I will close with a quote from Rhames: “Basically, Italians are white Black people.” In short, the essence of cool. And their “gang” leader is Stanley Tucci. -BDC
A new superhero movie is being made: The Batman. John Turturro will play the role of mob boss Carmine Falcone. John Turturro is an Italian citizen as well.
The movie will be watched by millions of children around the world. I wish they had the decency to change the name of the mob character. Falcone was a beloved judge killed by Cosa Nostra in Italia in the early 90s.
The name Falcone has far more admirable connotations than a fictional mob boss.
BTW: This is the second time Carmine Falcone will be the major villain in a DC comic movie: British actor Tom Wilkinson played him in the 2005 film, Batman Begins.
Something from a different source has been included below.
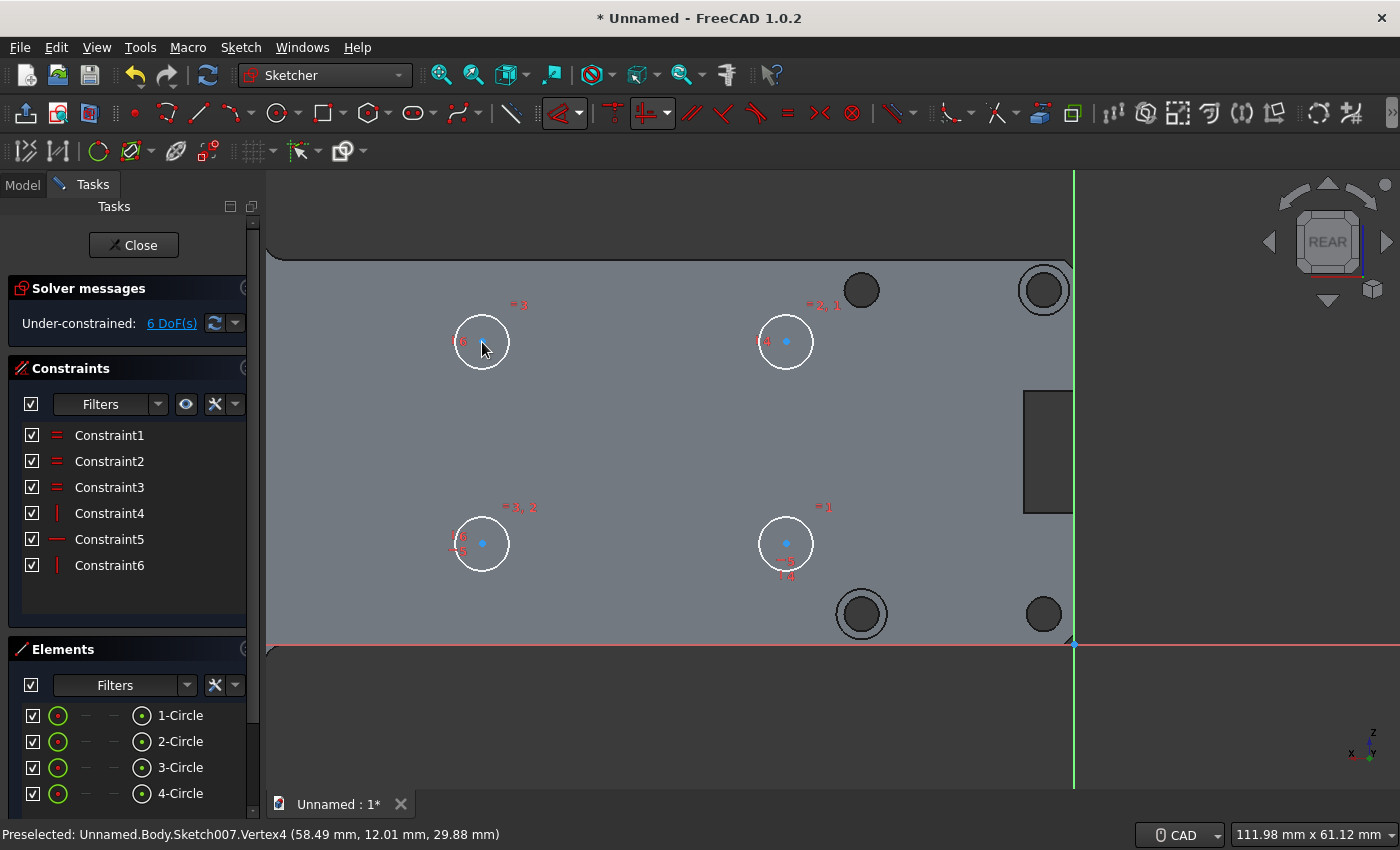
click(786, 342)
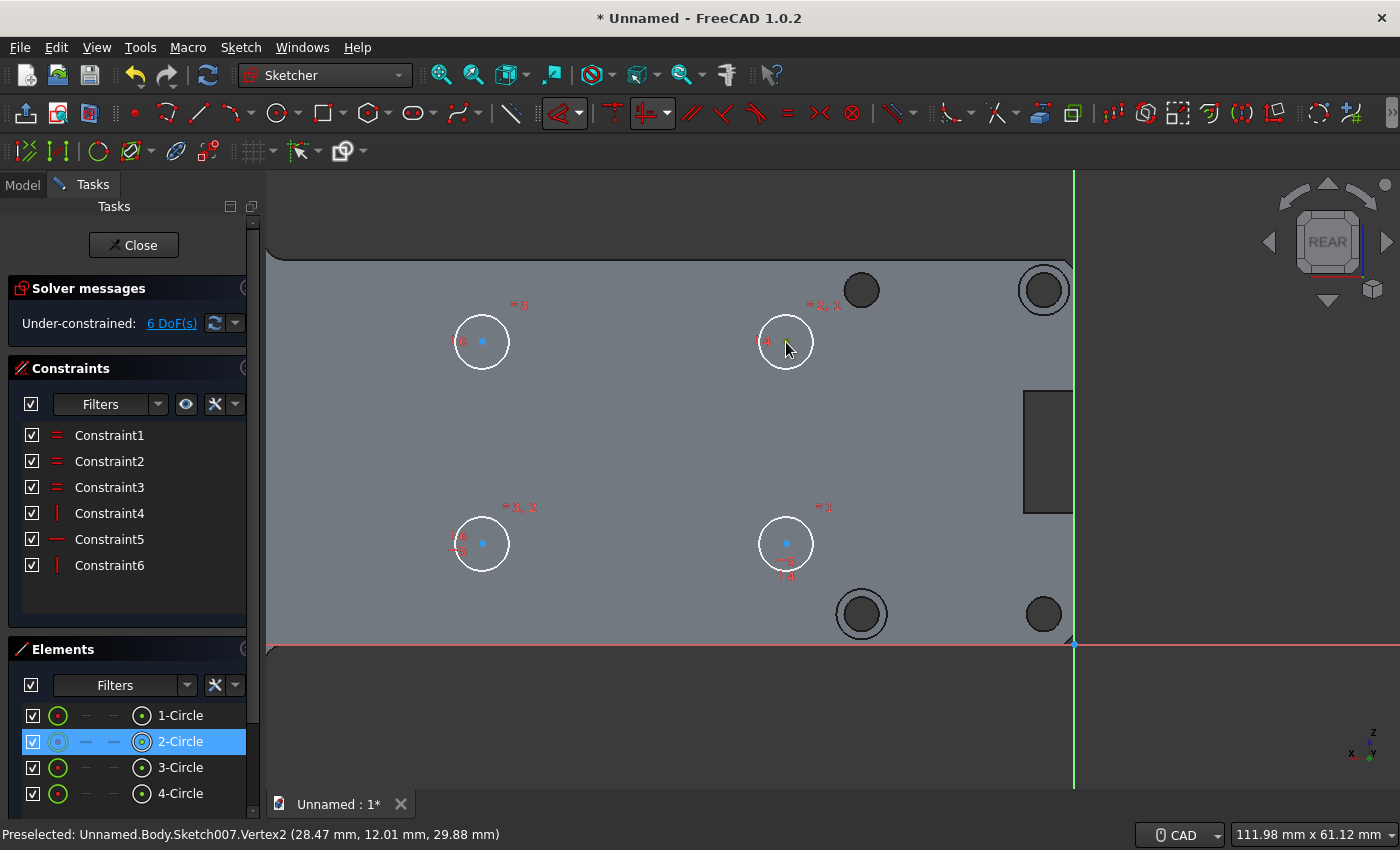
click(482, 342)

And Eric Roberts also played the fictional mob boss Moroni in 2008’s The Dark Knight, a film which, though it featured a “multi-cultural” assortment of bad guys, found it necessary to include the following line from the Joker: “Where’s the Italian?” In short, a specific insult.
Needless to say, but I’ll say it: Our own people are, of course, behind it. The fictitious character of Falcone was created in 1987 by Frank Miller and David Muzzecchelli, and was based on the also fictional Don Vito Corleone of The Godfather.
And for an actor of John Turturro’s stature to breathe life into this ugly stereotype is especially hurtful. In 1993, he made the indie film Mac, a tribute to his honest and hard-working father (a carpenter). He also made documentaries tied to his heritage, be it Passione (2009) and Rehearsal for a Sicilian Tragedy (2012). He has likewise tried to portray a few positive Italian characters (such as in 1998’s Illuminata) to counter-balance the negative ones (such as the racist son in 1989’s Do The Right Thing).
Et tu, Giovanni?
Although Tucci is definitely a petunia in an onion patch of defamation, he is not the only Italic character actor in history who graced our American stages and theatres with class and dignity. I would draw the attention of our readers to the careers of Leonard Cimino and Joseph Campanella for starters. James Coco and Dom DeLuise (often mistaken for each other) were non criminal comedic and serious character actors. Naturally, Ann Bancroft (ne Italiano) was a shining star. The wonderful actors from Italy itself are too numerous to mention, but Mastroianni, Pupella Maggio, and Romolo Valli were a few of my shining stars..
TOUCHE’ TUCCI!!
A breath of Fresh Air. He and the rest of us need to keep at it. Enough of the buffoonery and gangsterism constantly attributed to us. Hurray for Tucci!!